The man who invented instant ramen
In heaven, play a round of golf for me. Then, make yourself some ramen.
Momofuku Ando
Instant noodle inventor Momofuku Ando loved golf so much that he dreamed of dying on the golf course. When he passed away in 2007, the number eighty-six billion circulated in his obituaries. That was the number of servings of instant noodles we consumed on earth the previous year. It comes to nearly twelve bowls for every person on the planet.
Ando didn’t invent the instant noodles until he was forty-eight years old. After he lost his company following a chain-reaction bankruptcy, he built a wooden shack in his back garden, where he spent most of 1957 and 1958. Ando got the idea from the food shortages in Japan in the decades following the Second World War. The government recommended that people eat bread for sustenance, but Ando thought the more familiar noodles would be better. Noodle companies at the time were too small and unstable to supply the country, so Ando started his experiments looking for a winning formula.

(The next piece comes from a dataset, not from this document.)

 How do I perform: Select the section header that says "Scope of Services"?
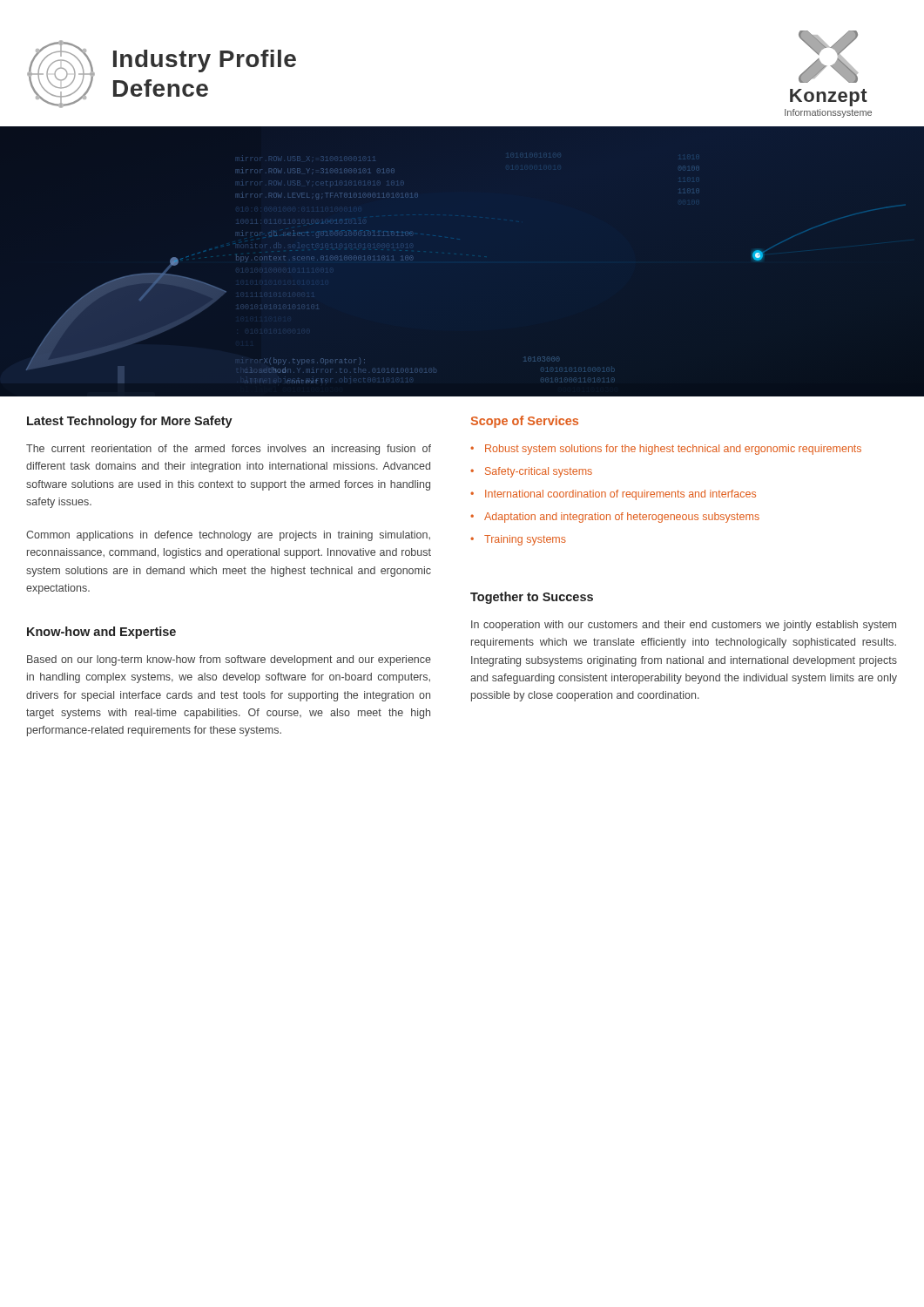(525, 421)
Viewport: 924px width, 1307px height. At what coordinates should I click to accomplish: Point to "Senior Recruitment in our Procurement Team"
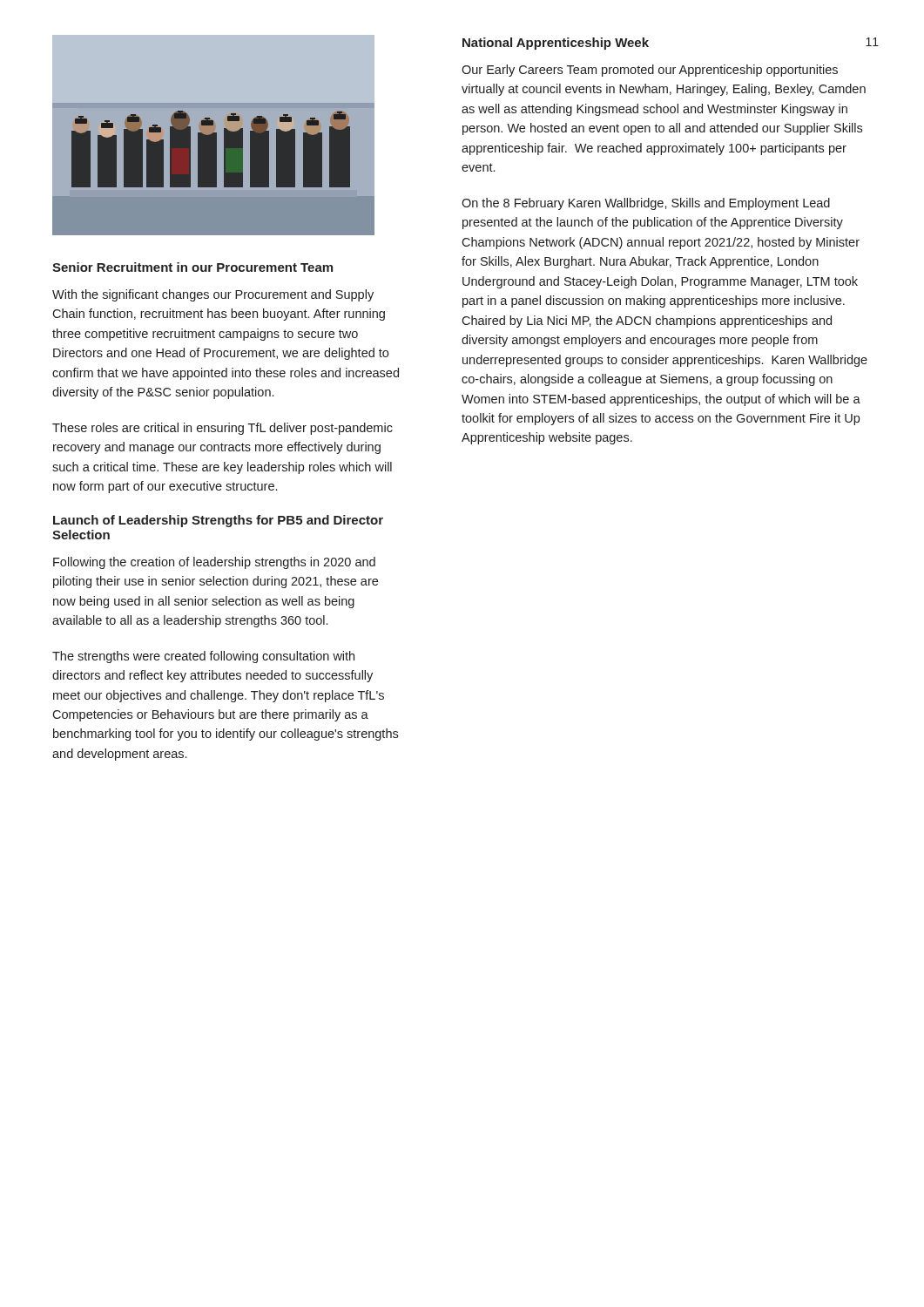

His noodles were the product of failure upon failure. No one knows what kept him going in the early years. The breakthrough came after his wife dipped noodles into hot oil – frying didn’t only dry the noodles but also left small holes in the surface that made them highly absorbent. For flavoring, Ando sprayed the noodles with chicken stock before frying.
The first packets of instant noodles went on sale in August 1958. They went under the name “Chikin Ramen” after Ando misspelled the word chicken. It stuck and became a huge success. His company Nissin Food Products continued to innovate. In 1971 it launched Ando’s new invention – the cup of noodles – which sparked massive popularity overseas. An early product endorsement was Nissin’s advertisement campaign in the early 1990s that featured Arnold Schwarzenegger, who got superhuman strength from eating cup noodles.
While tasty, instant noodles on their own are not a marvel of nutrition. There are reports of students who develop scurvy after living on a diet consisting of plain pasta and instant noodles. A bowl of traditional ramen also contains meat, egg, shiitake, and scallions. Momofuku Ando loved his noodles and ate them every day. He lived to be 96 years old. As he famously put it: “mankind is noodlekind.”